Der CIO muss sich mehr um die Fachbereiche kümmern

04.05.2014 von Bettina Dobe
Scheitern teure Projekte, wird oft der IT die Schuld gegeben. Projektmanager und Berater Mario Neumann hat einige Ideen, wie CIOs aus der Kostenfalle rauskommen und auf Augenhöhe mit den Fachabteilungen wahrgenommen werden können.

Obwohl eine gute Zusammenarbeit von IT und Fachbereichen noch nie so wichtig war wie heute, knirscht es oft zwischen den Abteilungen. Scheitern teure Projekte (oder werden diese aus Zeitmangel gar nicht erst angefangen), wird dies häufig der IT angelastet. Als echte Business Partner angesehen zu werden, wünschen sich etliche CIOs. Projektmanager und Berater Mario Neumann hat ein paar Ideen, wie ein CIO auf Augenhöhe agieren kann und was zu tun ist, um endlich aus der leidigen Kostenfalle auszukommen.

COMPUTERWOCHE.de: Die IT wird oft nicht als Business Partner ernst genommen. Woran liegt das?

Mario Neumann: Als CIO ist man oft in einem Fahrwasser, in dem man nur als Kostencenter gesehen wird und nicht als jemand, der das Unternehmen voranbringen kann. Der CIO steht unter ständigem Rechtfertigungsdruck für die Kosten, die er verursacht. Gleichzeitig ist der ständige Ressourcenmangel ein Problem. Da wird der Ruf nach Outsourcing laut, wenn die IT überfordert ist. Aber das ist auch kein Wunder: Die IT hat nicht die besten Leute.

Coach Mario Neumann möchte CIOs als Business Partner etablieren.
Foto: Privat

COMPUTERWOCHE.de: Das hören unsere CIOs aber nicht gern und einige widersprechen da vehement.

Neumann: Nun, was das Fachwissen angeht, stimmt es häufig. Die IT hat eher Mittelfeldleute, denn die Topleute sind in der Unternehmensberatung oder auf dem freien Markt. Jemand, der sich ein spezialisiertes Fachwissen angeeignet hat, wird nicht in den IT-Bereich eines Unternehmens gehen, wo er höchstens ein Projekt zu seinem Thema betreuen kann. Wer sich intensiv mit einer Thematik befassen will, geht nicht in die IT-Abteilung eines Unternehmens. Das merkt man einigen IT-Abteilungen auch an. Zudem fehlt oft ein Überblick über das Projektportfolio im gesamten Unternehmen oder dessen Strukturen.

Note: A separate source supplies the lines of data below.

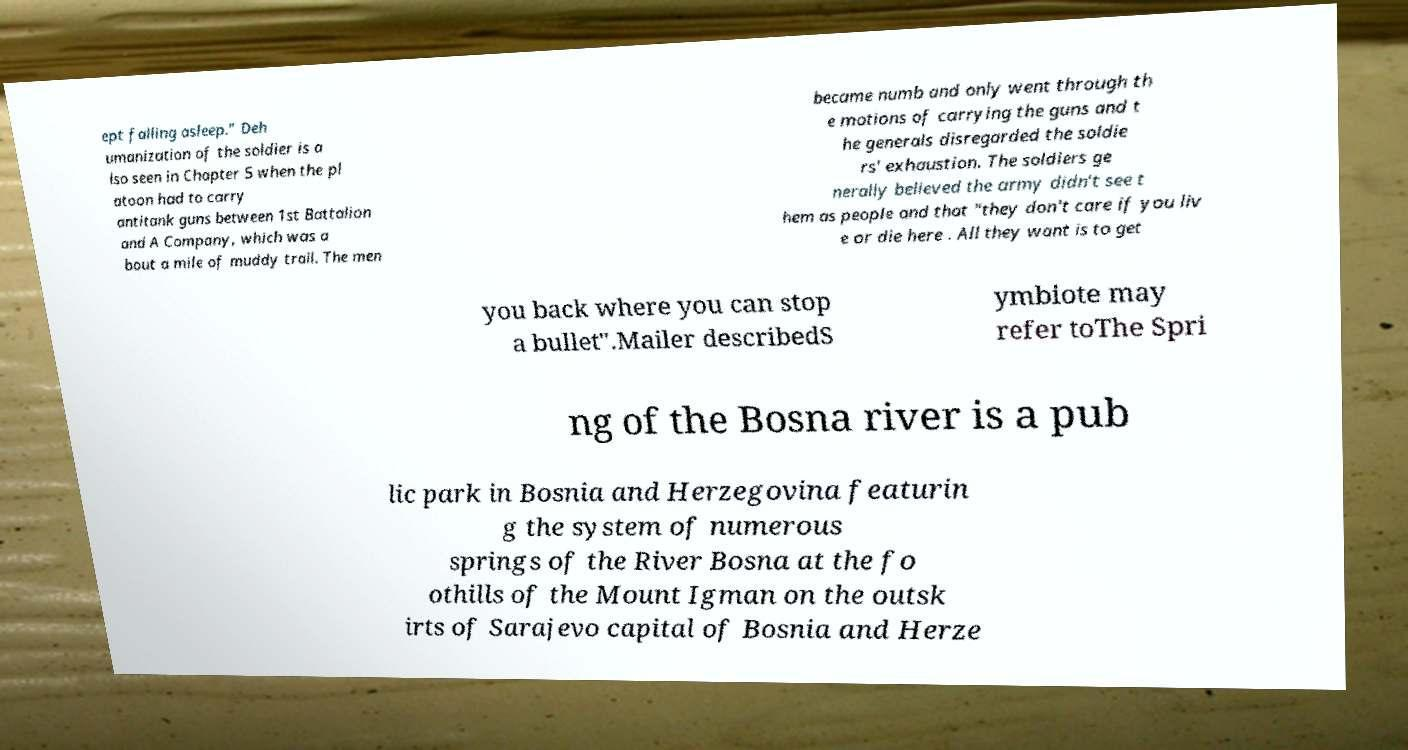Could you extract and type out the text from this image? ept falling asleep.” Deh umanization of the soldier is a lso seen in Chapter 5 when the pl atoon had to carry antitank guns between 1st Battalion and A Company, which was a bout a mile of muddy trail. The men became numb and only went through th e motions of carrying the guns and t he generals disregarded the soldie rs' exhaustion. The soldiers ge nerally believed the army didn't see t hem as people and that "they don't care if you liv e or die here . All they want is to get you back where you can stop a bullet".Mailer describedS ymbiote may refer toThe Spri ng of the Bosna river is a pub lic park in Bosnia and Herzegovina featurin g the system of numerous springs of the River Bosna at the fo othills of the Mount Igman on the outsk irts of Sarajevo capital of Bosnia and Herze 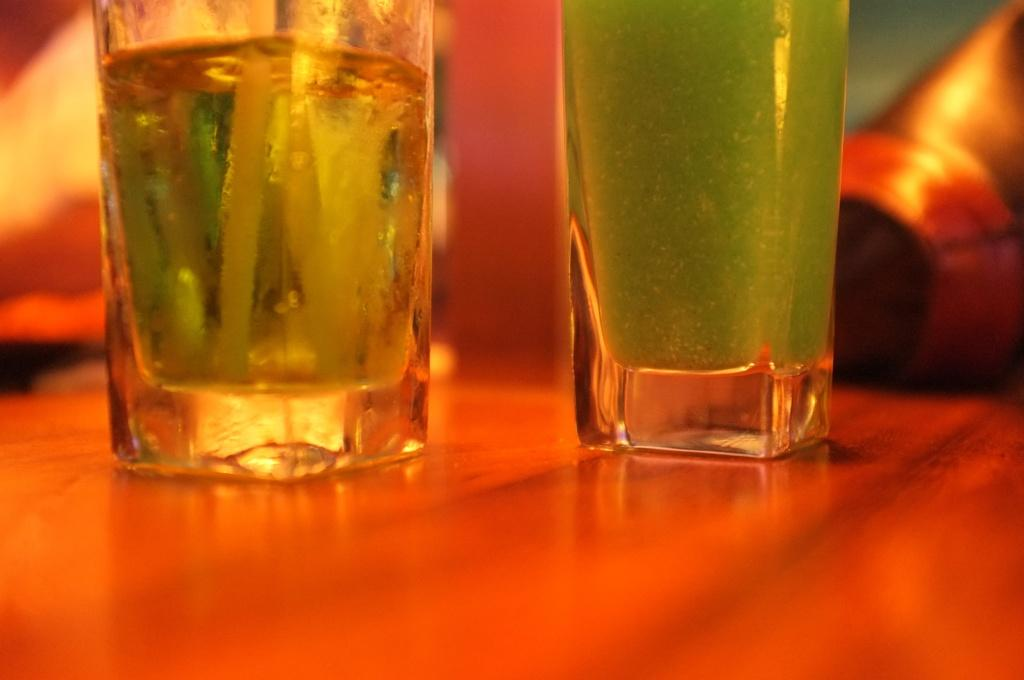What objects are present in the image? There are glasses in the image. What is inside the glasses? The glasses contain beverages. Where are the glasses located? The glasses are placed on a table. What type of polish is being applied to the glasses in the image? There is no indication in the image that any polish is being applied to the glasses. 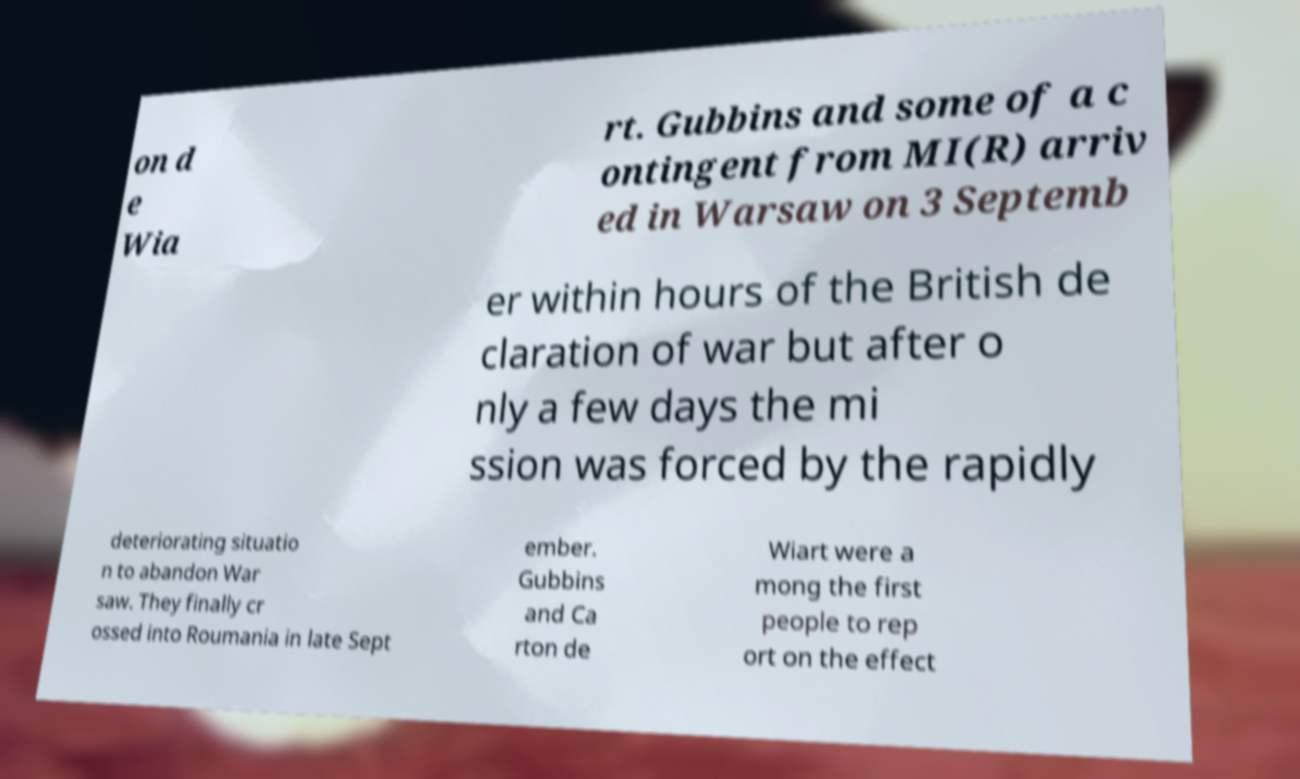Could you assist in decoding the text presented in this image and type it out clearly? on d e Wia rt. Gubbins and some of a c ontingent from MI(R) arriv ed in Warsaw on 3 Septemb er within hours of the British de claration of war but after o nly a few days the mi ssion was forced by the rapidly deteriorating situatio n to abandon War saw. They finally cr ossed into Roumania in late Sept ember. Gubbins and Ca rton de Wiart were a mong the first people to rep ort on the effect 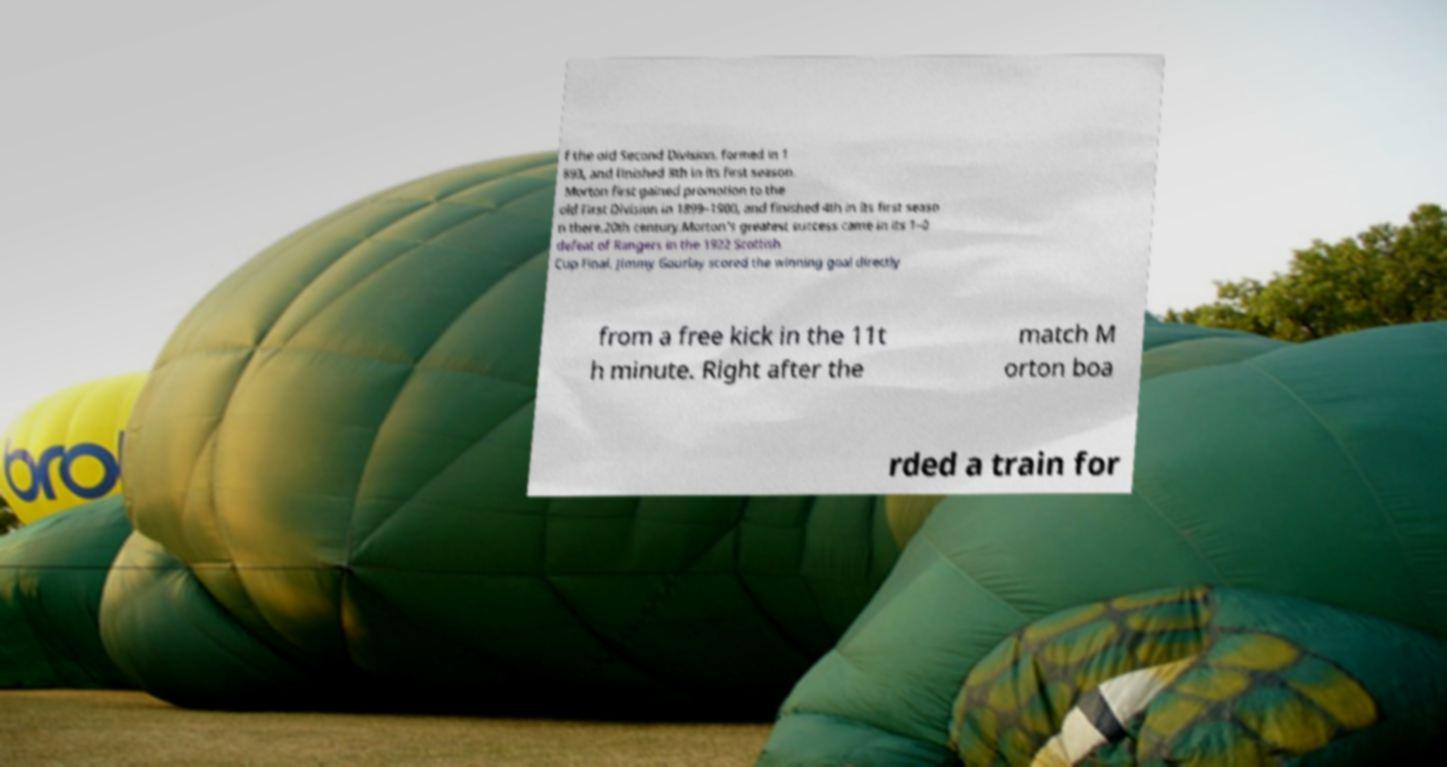For documentation purposes, I need the text within this image transcribed. Could you provide that? f the old Second Division, formed in 1 893, and finished 8th in its first season. Morton first gained promotion to the old First Division in 1899–1900, and finished 4th in its first seaso n there.20th century.Morton's greatest success came in its 1–0 defeat of Rangers in the 1922 Scottish Cup Final. Jimmy Gourlay scored the winning goal directly from a free kick in the 11t h minute. Right after the match M orton boa rded a train for

COMPUTERWOCHE.de: Wie kann man das Problem lösen?

Neumann: Vor allem müsste sich die IT intensiver um die Fachbereiche kümmern. Wenn ich als CIO Business Partner werden will, muss ich raus aus der Komfortzone und mir Gestaltungsspielräume erarbeiten.

Es kann so schön sein in der Komfortzone... Allerdings sollte man sich dann nicht wundern, wenn die Karriere immer in den gleichen Bahnen verläuft.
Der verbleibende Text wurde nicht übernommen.